Что-то острое и электрическое разбило Сигме коленную чашечку, и он накренился в сторону, потеряв равновесие. Бета-Фи заскрипел бы зубами от сострадания, если б они у него были. Из грудного аппарата вырвался искаженный пучок данных.
Враг набросился на Сигму со всех сторон и принялся рубить и проламывать его броню. Аварийные сигналы шли со всех систем.
«Тише, — успокаивал его Бета-Фи. — Тише. Твоя служба Омниссии отмечена, твой серийный номер будет с почестями сохранен. Тише. Начинаю выгрузку данных. Твое тело умрет, но логические алгоритмы останутся в веках. Слава Машине».
Кто-то ударил по оптической аппаратуре Сигмы. Видеопоток погрузился в темноту. Бета-Фи оставался с ним до последней мучительной секунды, пока электроника не передала ему вспышку острой боли, и все закончилось.
Отключившись от мертвого инфоканала, Бета-Фи принялся читать молитву Преждевременной деактивации. Он был на середине четырнадцатой строфы, когда его отвлек голос проклятого Полукса. Бета-Фи ненавидел это оружие мясников, которое из-за ложного понимания ценности жертвовало артефактами, куда более важными и труднозаменимыми, чем оно само. Полукс был массово производимым инструментом, а Сигма — древним и драгоценным. Его жизнь стоила в разы дешевле жизни автоматона.
— Инфокузнец. Твоя жертва заслуживает уважения.
Бета-Фи не ответил. Он отвернулся от Имперского Кулака и намеренно не стал зажигать оптические сенсоры, отказываясь смотреть на него.
Полукс помолчал — Бета-Фи не сомневался, что тот подбирает наиболее уместную в данном контексте банальность, чтобы погасить его гнев. Но умилостивить Бета-Фи не выйдет. Он слегка подвинулся в своем инфокресле, поворачиваясь к космодесантнику спиной с прикрепленными к позвоночнику механизмами. Полукса это не остановило.
— Хитрость сработала. Твоя машина выиграла нам немало времени. Наши приготовления закончены, и лично я жалею, что не смогу увидеть лица Повелителей Ночи, когда они поймут, за что так отчаянно сражались.
По логическим схемам в нейронных имплантах Бета-Фи прошел зашифрованный поток частиц, несущих с собой удовлетворение. Но следующие слова Полукса погасили его, и на сердце опять потяжелело.
— Отведи вторую машину. Бой не закончен, и она нужна в другом месте.
Скрайвок перелез через искрящие останки конструкта. В перестрелке в генератор опорного поля угодила шальная пуля, и он беззвучно дымился. Впереди ждала темнота, в которой даже его глаза ничего не видели.
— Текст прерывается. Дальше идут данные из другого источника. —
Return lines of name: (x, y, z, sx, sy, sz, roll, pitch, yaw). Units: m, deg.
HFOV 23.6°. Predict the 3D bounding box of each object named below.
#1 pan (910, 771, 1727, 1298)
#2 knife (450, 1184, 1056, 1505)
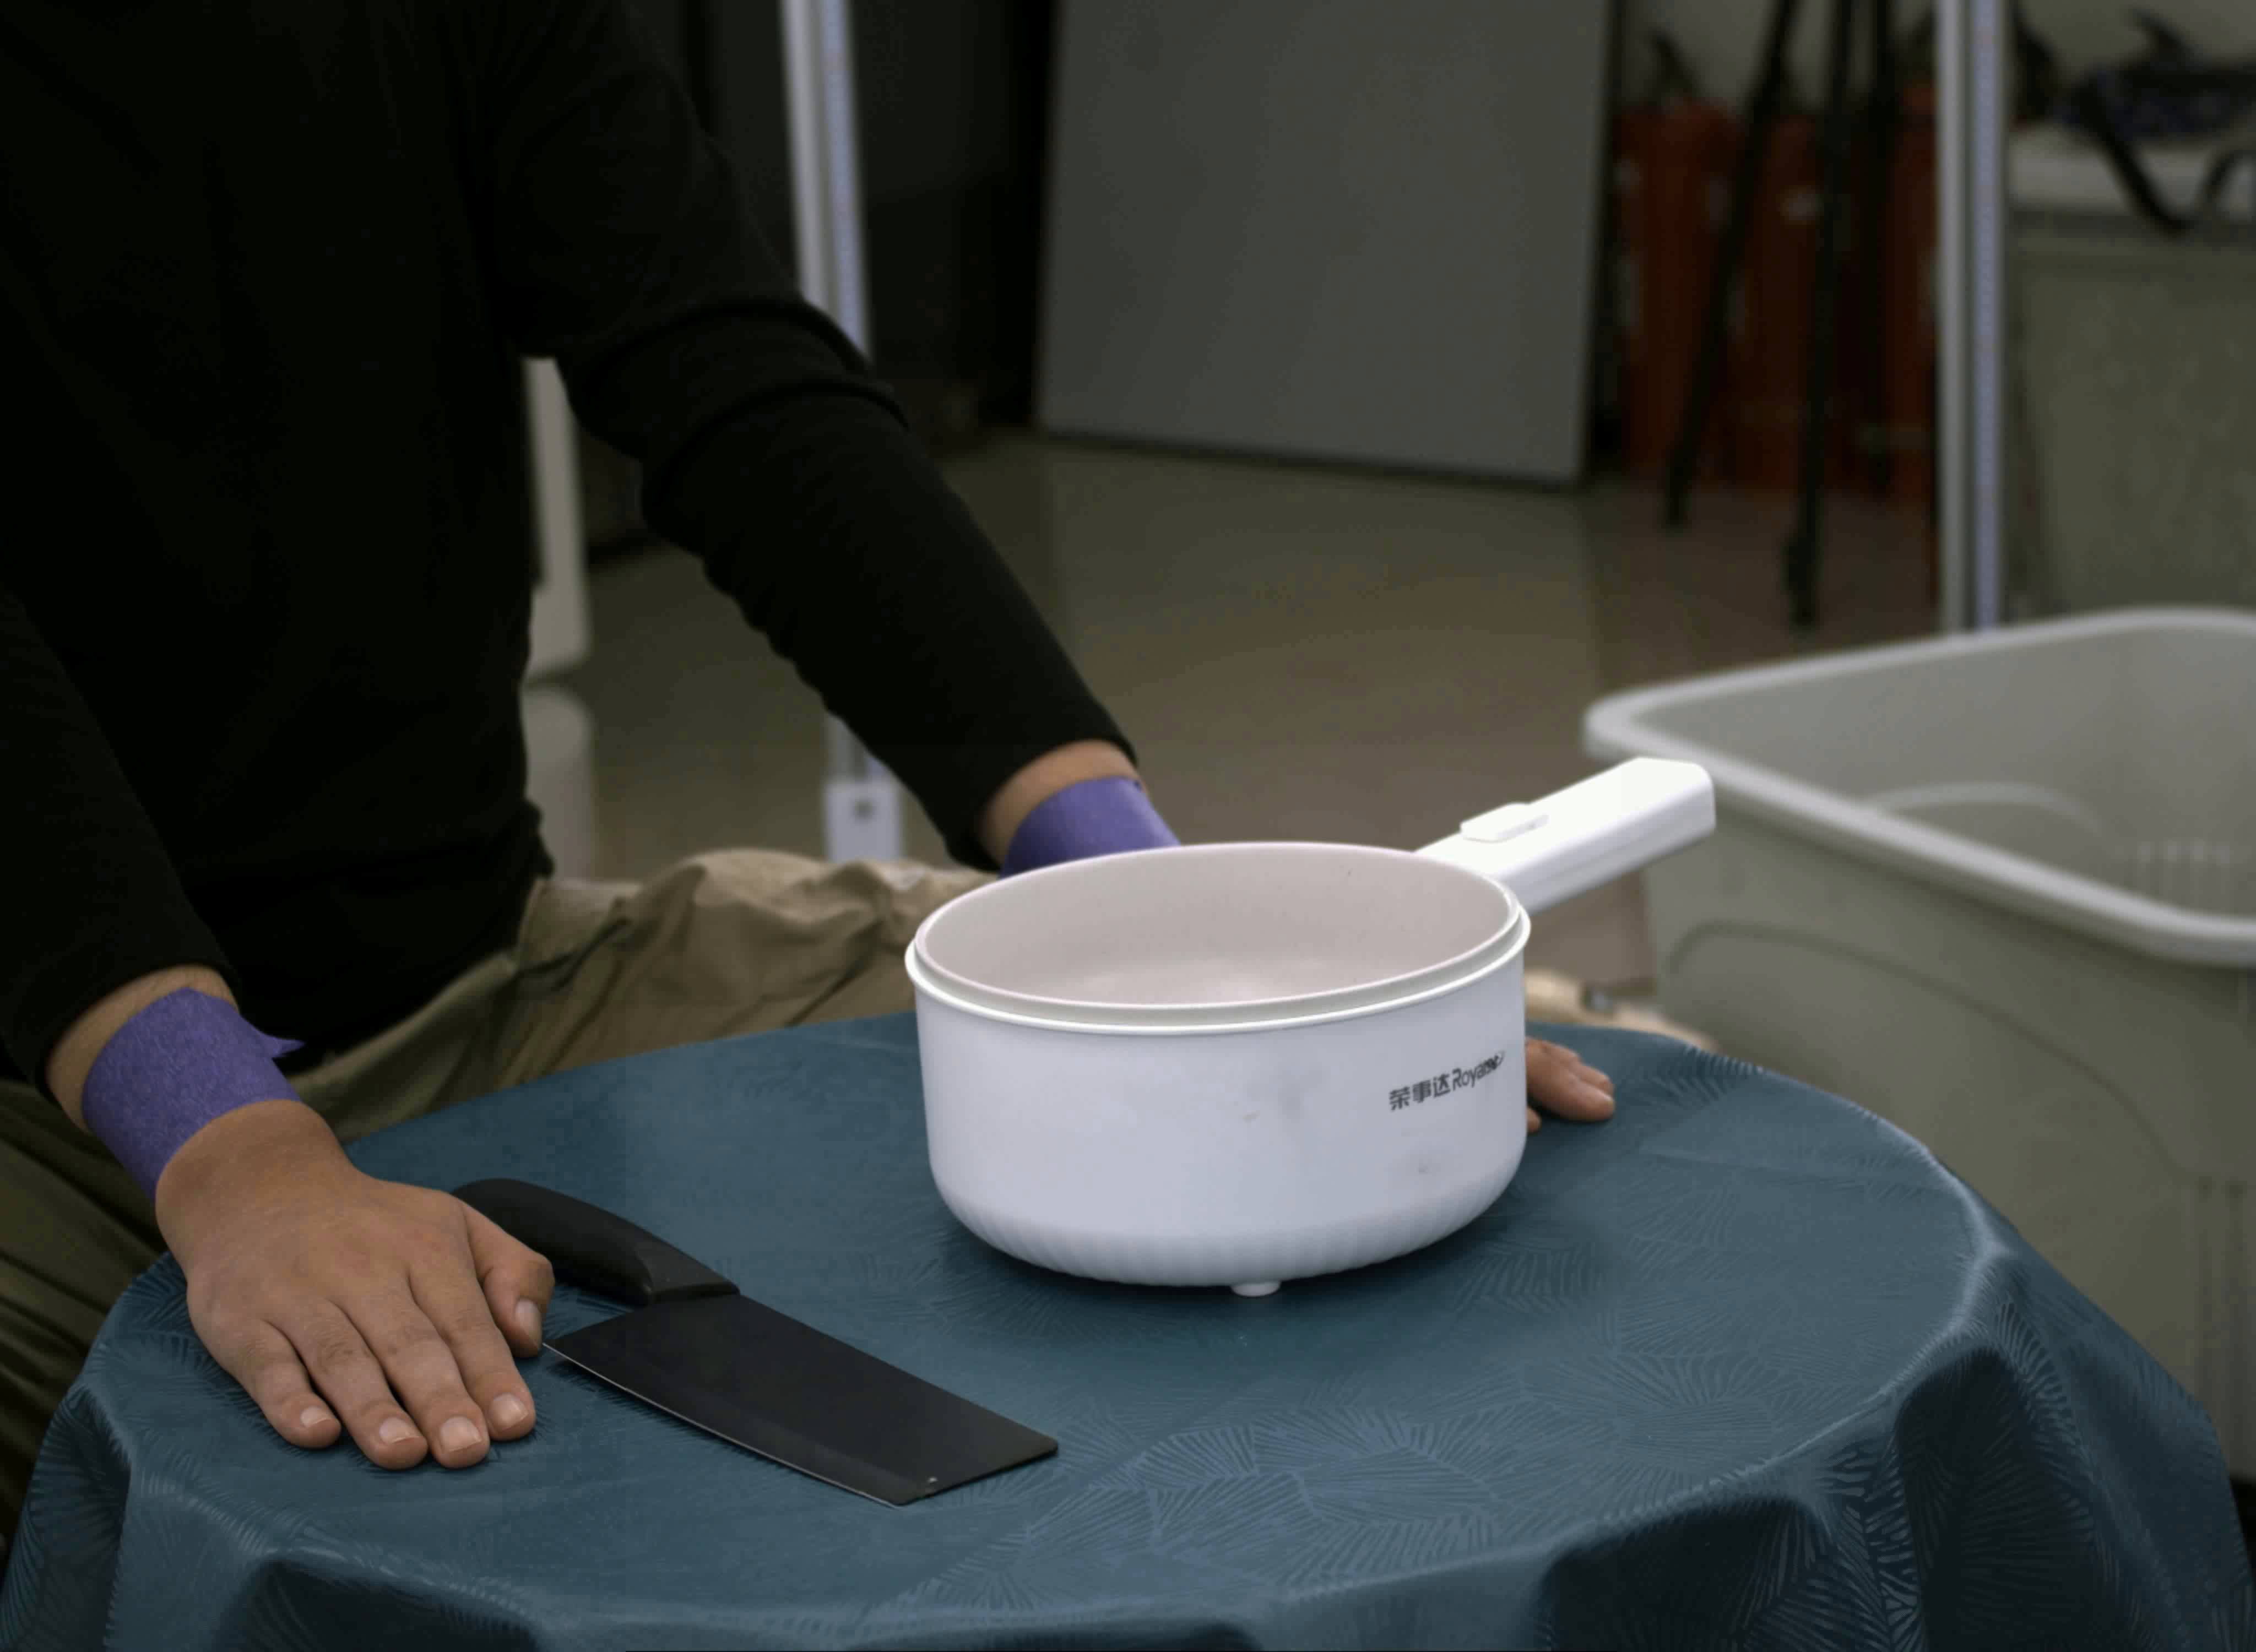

Существовало не так много градаций темноты, в которых нострамцы плохо ориентировались. Они обладали несравненным ночным зрением, а благодаря легионерским аугментациям и системам силовых доспехов видели при плохом освещении дальше и четче всех, и Скрайвока серьезно беспокоило, что сейчас он ничего не может разглядеть. Зарядив пистолет, он осторожно направился вперед. Из-за груд камней на полу идти приходилось медленно.
Причина, по которой он ничего не видел, была прямо перед ним, только он не так на нее смотрел. Тоннель оказался тупиком. Он тянулся тридцать метров, после чего сужался до трубы диаметром в его кулак и исчезал в горе. Тьма представляла собой не отсутствие света в открытом пространстве, а блестящую черную стену. Он никогда раньше не видел такого камня — гладкого, черного, полностью поглощающего свет.
Он подошел к стене и провел пальцами по поверхности, едва ее касаясь.